| DATA LISTING |
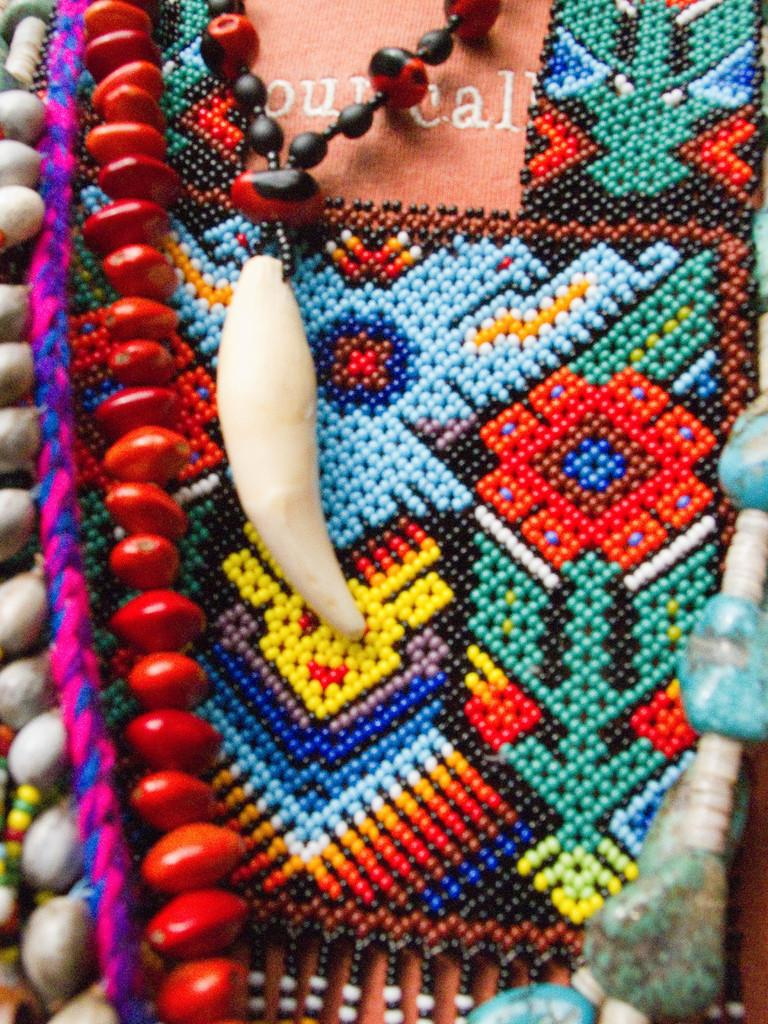What type of objects can be seen in the image? There are chains and craft in the image. Can you describe the chains in the image? The chains are the main objects visible in the image. What type of craft is depicted in the image? The craft in the image is not specified, but it is present alongside the chains. What type of machine is making noise in the image? There is no machine present in the image, and therefore no noise can be heard. How are the chains being sorted in the image? There is no indication of the chains being sorted in the image. 
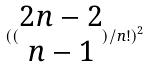Convert formula to latex. <formula><loc_0><loc_0><loc_500><loc_500>( ( \begin{matrix} 2 n - 2 \\ n - 1 \end{matrix} ) / n ! ) ^ { 2 }</formula> 
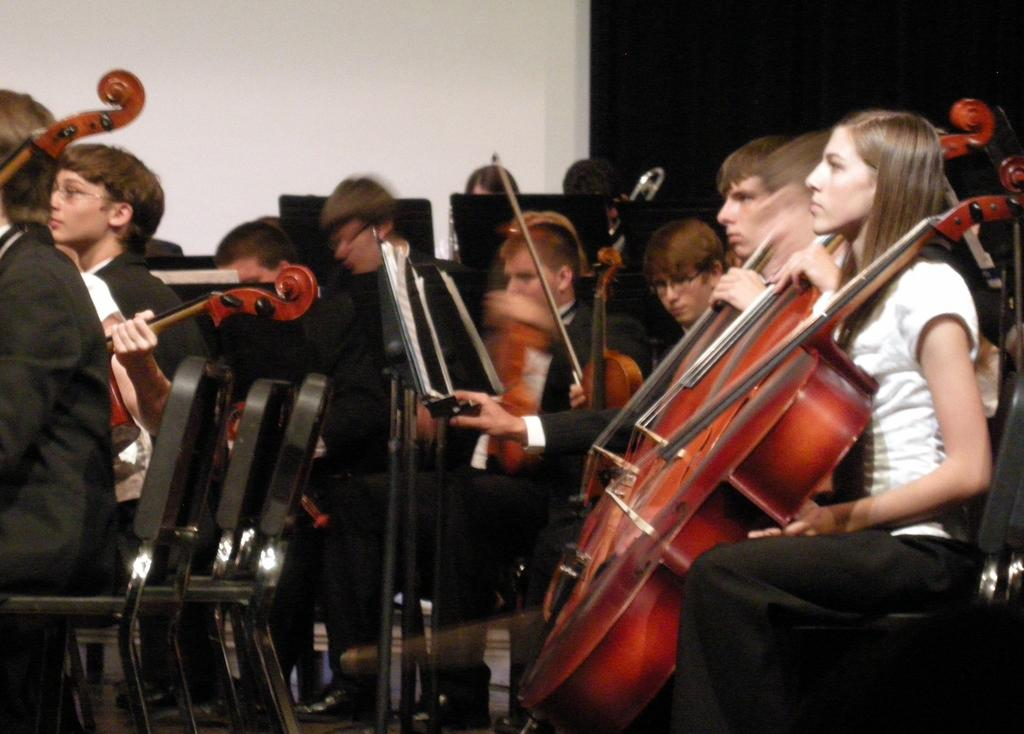Who or what can be seen in the image? There are people in the image. What are the people holding in the image? The people are holding violins. How are the people positioned in the image? The people are seated on chairs. What type of hat can be seen on the violin in the image? There are no hats present in the image, and the violins are not wearing any accessories. What sound does the alarm make in the image? There is no alarm present in the image. 
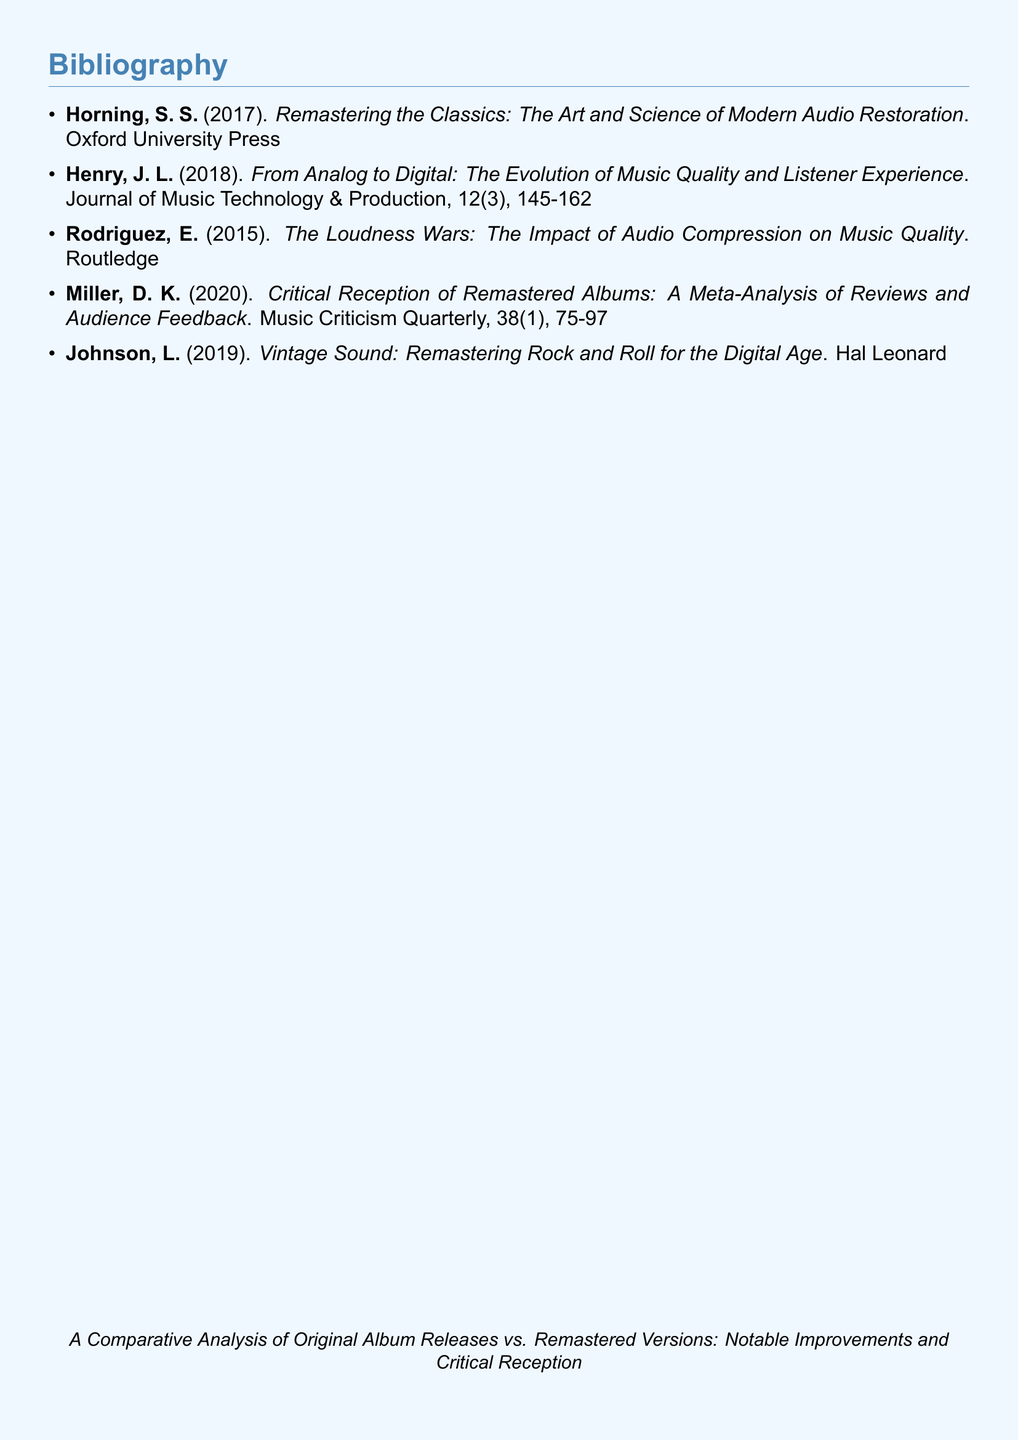What is the title of the first entry? The title of the first entry is found in the citation of the entry by Horning, which is "Remastering the Classics: The Art and Science of Modern Audio Restoration."
Answer: Remastering the Classics: The Art and Science of Modern Audio Restoration Who is the author of the second entry? The author of the second entry is indicated in the citation as Henry, J. L.
Answer: Henry, J. L In what year was "The Loudness Wars" published? The publication year of "The Loudness Wars" by Rodriguez is noted in the citation as 2015.
Answer: 2015 What is the main theme of the document? The main theme is expressed in the title at the bottom of the document, which is "A Comparative Analysis of Original Album Releases vs. Remastered Versions: Notable Improvements and Critical Reception."
Answer: A Comparative Analysis of Original Album Releases vs. Remastered Versions: Notable Improvements and Critical Reception How many entries are listed in the bibliography? The number of entries can be counted from the list, which shows a total of five entries provided.
Answer: 5 What type of publication is the second entry classified as? The second entry is published in a journal, as indicated by "Journal of Music Technology & Production."
Answer: Journal What is the main focus of Miller's article? The main focus of the article is described in the title, which emphasizes "Critical Reception of Remastered Albums."
Answer: Critical Reception of Remastered Albums Which publisher is associated with the book written by Johnson? The publisher associated with Johnson's book is "Hal Leonard," as indicated in the citation.
Answer: Hal Leonard 
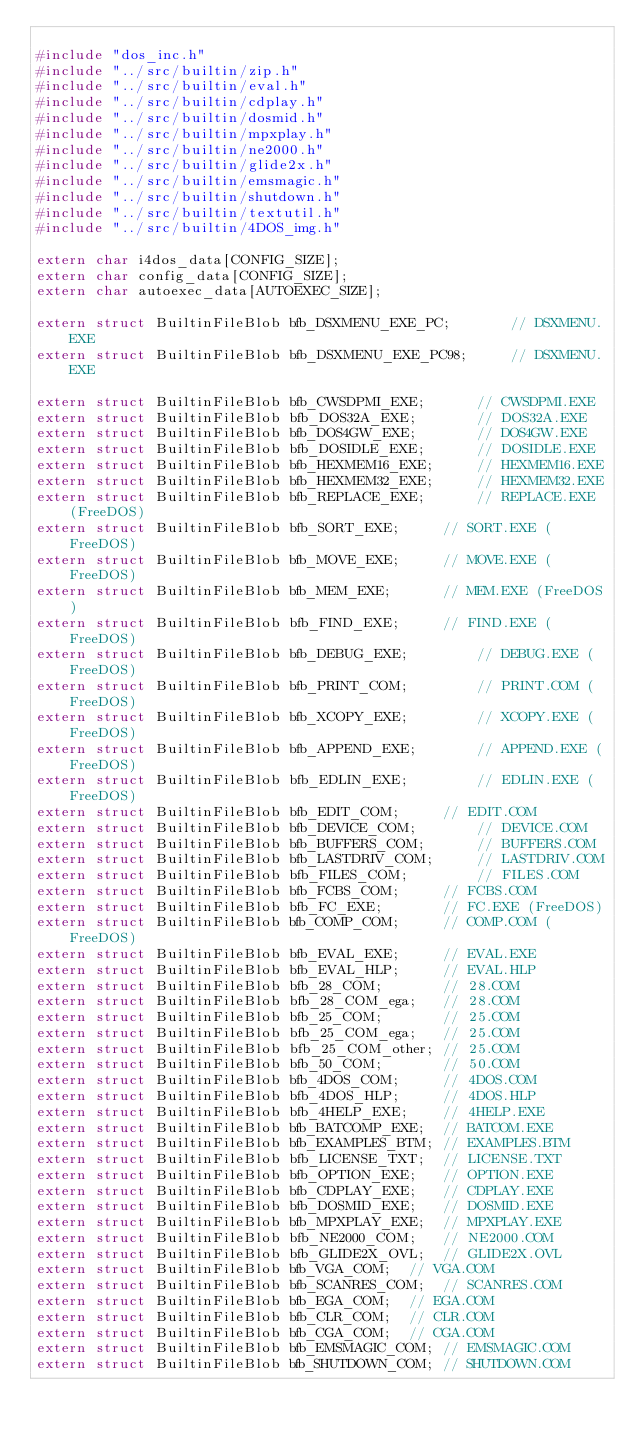<code> <loc_0><loc_0><loc_500><loc_500><_C_>
#include "dos_inc.h"
#include "../src/builtin/zip.h"
#include "../src/builtin/eval.h"
#include "../src/builtin/cdplay.h"
#include "../src/builtin/dosmid.h"
#include "../src/builtin/mpxplay.h"
#include "../src/builtin/ne2000.h"
#include "../src/builtin/glide2x.h"
#include "../src/builtin/emsmagic.h"
#include "../src/builtin/shutdown.h"
#include "../src/builtin/textutil.h"
#include "../src/builtin/4DOS_img.h"

extern char i4dos_data[CONFIG_SIZE];
extern char config_data[CONFIG_SIZE];
extern char autoexec_data[AUTOEXEC_SIZE];

extern struct BuiltinFileBlob bfb_DSXMENU_EXE_PC;		// DSXMENU.EXE
extern struct BuiltinFileBlob bfb_DSXMENU_EXE_PC98;		// DSXMENU.EXE

extern struct BuiltinFileBlob bfb_CWSDPMI_EXE;		// CWSDPMI.EXE
extern struct BuiltinFileBlob bfb_DOS32A_EXE;		// DOS32A.EXE
extern struct BuiltinFileBlob bfb_DOS4GW_EXE;		// DOS4GW.EXE
extern struct BuiltinFileBlob bfb_DOSIDLE_EXE;		// DOSIDLE.EXE
extern struct BuiltinFileBlob bfb_HEXMEM16_EXE;		// HEXMEM16.EXE
extern struct BuiltinFileBlob bfb_HEXMEM32_EXE;		// HEXMEM32.EXE
extern struct BuiltinFileBlob bfb_REPLACE_EXE;		// REPLACE.EXE (FreeDOS)
extern struct BuiltinFileBlob bfb_SORT_EXE;		// SORT.EXE (FreeDOS)
extern struct BuiltinFileBlob bfb_MOVE_EXE;		// MOVE.EXE (FreeDOS)
extern struct BuiltinFileBlob bfb_MEM_EXE;		// MEM.EXE (FreeDOS)
extern struct BuiltinFileBlob bfb_FIND_EXE;		// FIND.EXE (FreeDOS)
extern struct BuiltinFileBlob bfb_DEBUG_EXE;		// DEBUG.EXE (FreeDOS)
extern struct BuiltinFileBlob bfb_PRINT_COM;		// PRINT.COM (FreeDOS)
extern struct BuiltinFileBlob bfb_XCOPY_EXE;		// XCOPY.EXE (FreeDOS)
extern struct BuiltinFileBlob bfb_APPEND_EXE;		// APPEND.EXE (FreeDOS)
extern struct BuiltinFileBlob bfb_EDLIN_EXE;		// EDLIN.EXE (FreeDOS)
extern struct BuiltinFileBlob bfb_EDIT_COM;		// EDIT.COM
extern struct BuiltinFileBlob bfb_DEVICE_COM;		// DEVICE.COM
extern struct BuiltinFileBlob bfb_BUFFERS_COM;		// BUFFERS.COM
extern struct BuiltinFileBlob bfb_LASTDRIV_COM;		// LASTDRIV.COM
extern struct BuiltinFileBlob bfb_FILES_COM;		// FILES.COM
extern struct BuiltinFileBlob bfb_FCBS_COM;		// FCBS.COM
extern struct BuiltinFileBlob bfb_FC_EXE;		// FC.EXE (FreeDOS)
extern struct BuiltinFileBlob bfb_COMP_COM;		// COMP.COM (FreeDOS)
extern struct BuiltinFileBlob bfb_EVAL_EXE;		// EVAL.EXE
extern struct BuiltinFileBlob bfb_EVAL_HLP;		// EVAL.HLP
extern struct BuiltinFileBlob bfb_28_COM;		// 28.COM
extern struct BuiltinFileBlob bfb_28_COM_ega;	// 28.COM
extern struct BuiltinFileBlob bfb_25_COM;		// 25.COM
extern struct BuiltinFileBlob bfb_25_COM_ega;	// 25.COM
extern struct BuiltinFileBlob bfb_25_COM_other;	// 25.COM
extern struct BuiltinFileBlob bfb_50_COM;		// 50.COM
extern struct BuiltinFileBlob bfb_4DOS_COM;		// 4DOS.COM
extern struct BuiltinFileBlob bfb_4DOS_HLP;		// 4DOS.HLP
extern struct BuiltinFileBlob bfb_4HELP_EXE;	// 4HELP.EXE
extern struct BuiltinFileBlob bfb_BATCOMP_EXE;	// BATCOM.EXE
extern struct BuiltinFileBlob bfb_EXAMPLES_BTM;	// EXAMPLES.BTM
extern struct BuiltinFileBlob bfb_LICENSE_TXT;	// LICENSE.TXT
extern struct BuiltinFileBlob bfb_OPTION_EXE;	// OPTION.EXE
extern struct BuiltinFileBlob bfb_CDPLAY_EXE;	// CDPLAY.EXE
extern struct BuiltinFileBlob bfb_DOSMID_EXE;	// DOSMID.EXE
extern struct BuiltinFileBlob bfb_MPXPLAY_EXE;	// MPXPLAY.EXE
extern struct BuiltinFileBlob bfb_NE2000_COM;	// NE2000.COM
extern struct BuiltinFileBlob bfb_GLIDE2X_OVL;	// GLIDE2X.OVL
extern struct BuiltinFileBlob bfb_VGA_COM;	// VGA.COM
extern struct BuiltinFileBlob bfb_SCANRES_COM;	// SCANRES.COM
extern struct BuiltinFileBlob bfb_EGA_COM;	// EGA.COM
extern struct BuiltinFileBlob bfb_CLR_COM;	// CLR.COM
extern struct BuiltinFileBlob bfb_CGA_COM;	// CGA.COM
extern struct BuiltinFileBlob bfb_EMSMAGIC_COM;	// EMSMAGIC.COM
extern struct BuiltinFileBlob bfb_SHUTDOWN_COM;	// SHUTDOWN.COM</code> 
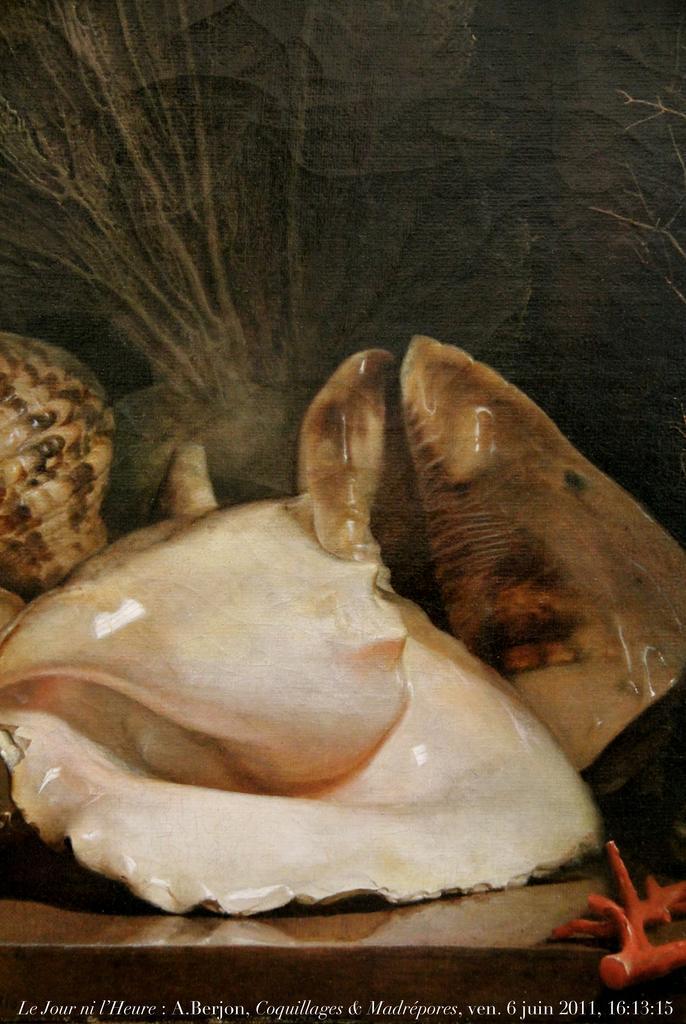Can you describe this image briefly? In the center of the image there is a platform. On the platform, we can see shells and one red color object. At the bottom of the image, we can see some text. In the background there is a wall. 
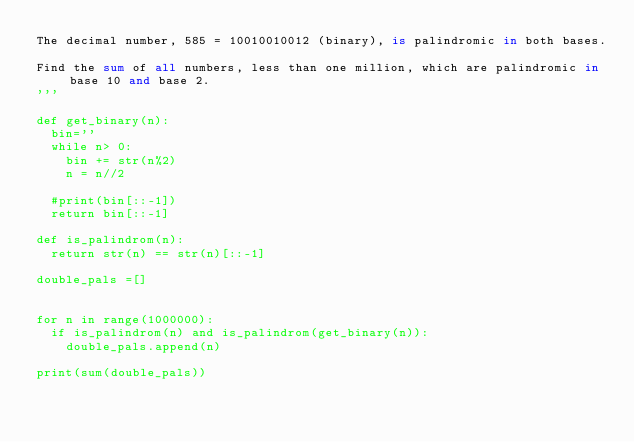<code> <loc_0><loc_0><loc_500><loc_500><_Python_>The decimal number, 585 = 10010010012 (binary), is palindromic in both bases.

Find the sum of all numbers, less than one million, which are palindromic in base 10 and base 2.
'''

def get_binary(n):
	bin=''
	while n> 0:
		bin += str(n%2)
		n = n//2
		
	#print(bin[::-1])
	return bin[::-1]
	
def is_palindrom(n):
	return str(n) == str(n)[::-1]
	
double_pals =[]


for n in range(1000000):
	if is_palindrom(n) and is_palindrom(get_binary(n)):
		double_pals.append(n)
	
print(sum(double_pals))
	
</code> 
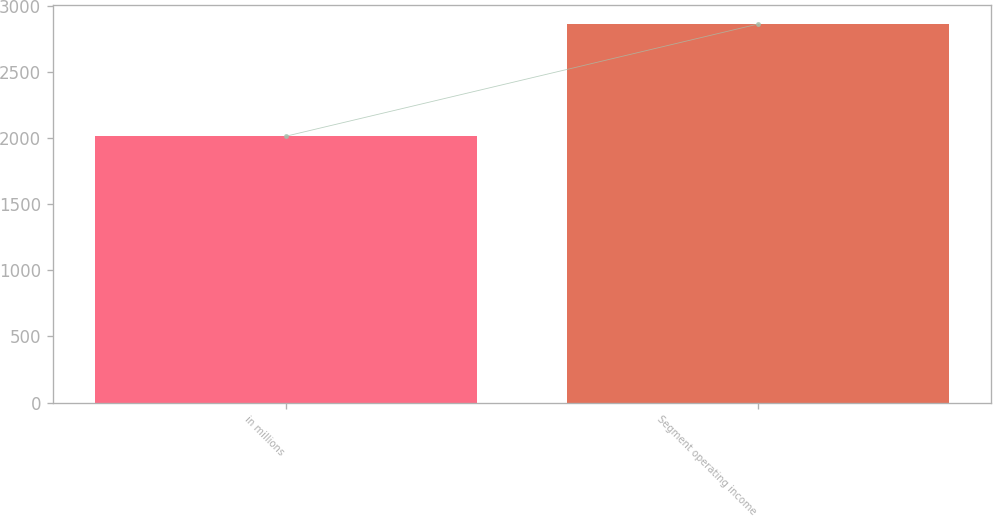<chart> <loc_0><loc_0><loc_500><loc_500><bar_chart><fcel>in millions<fcel>Segment operating income<nl><fcel>2016<fcel>2864<nl></chart> 
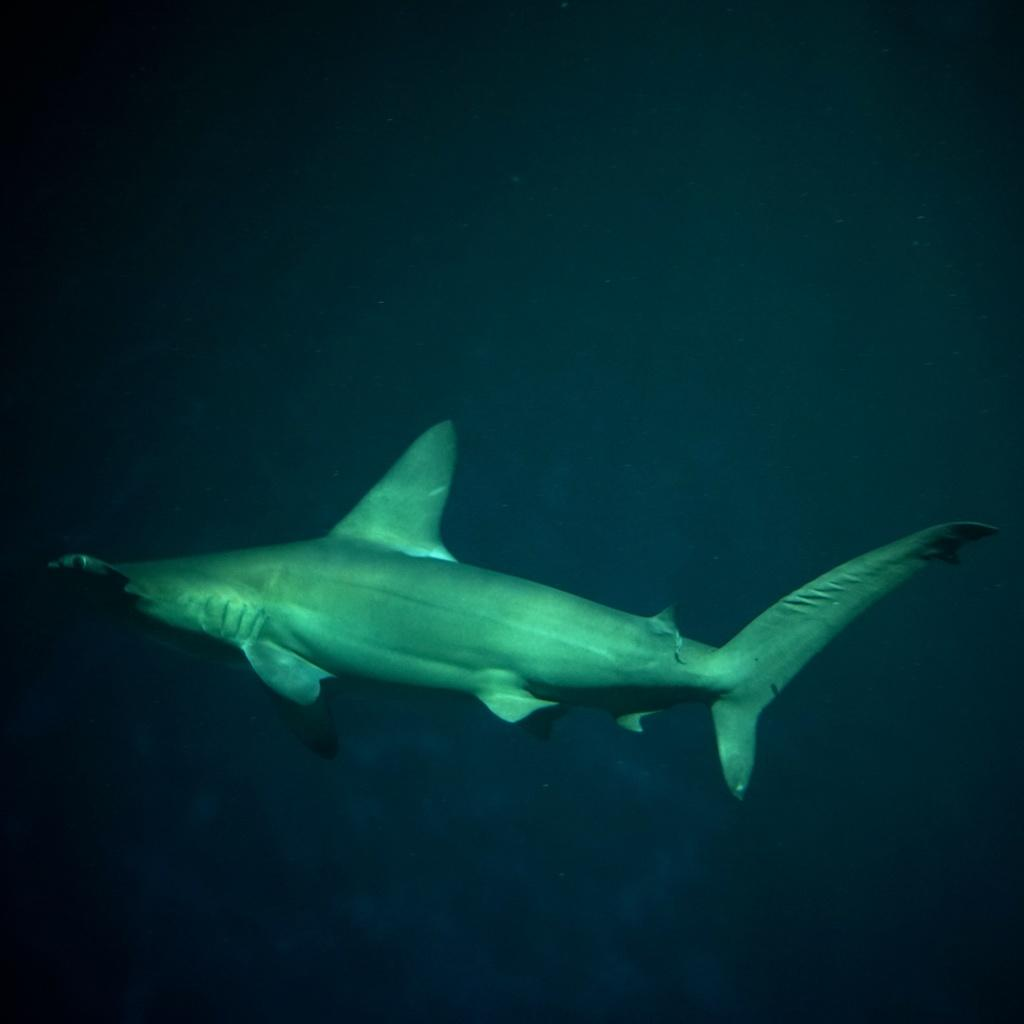What is the focus of the image? The image is zoomed in on a fish. Can you describe the fish in the image? The fish is in the center of the image and appears to be swimming in the water. What type of feather can be seen floating near the fish in the image? There is no feather present in the image; it features a fish swimming in the water. How many quinces are visible in the image? There are no quinces present in the image.

| WORK INSTRUCTION |
Only a number is expected here: the count of lines in the records above that include the word "DSXMENU".

| COMPLETED TASK |
2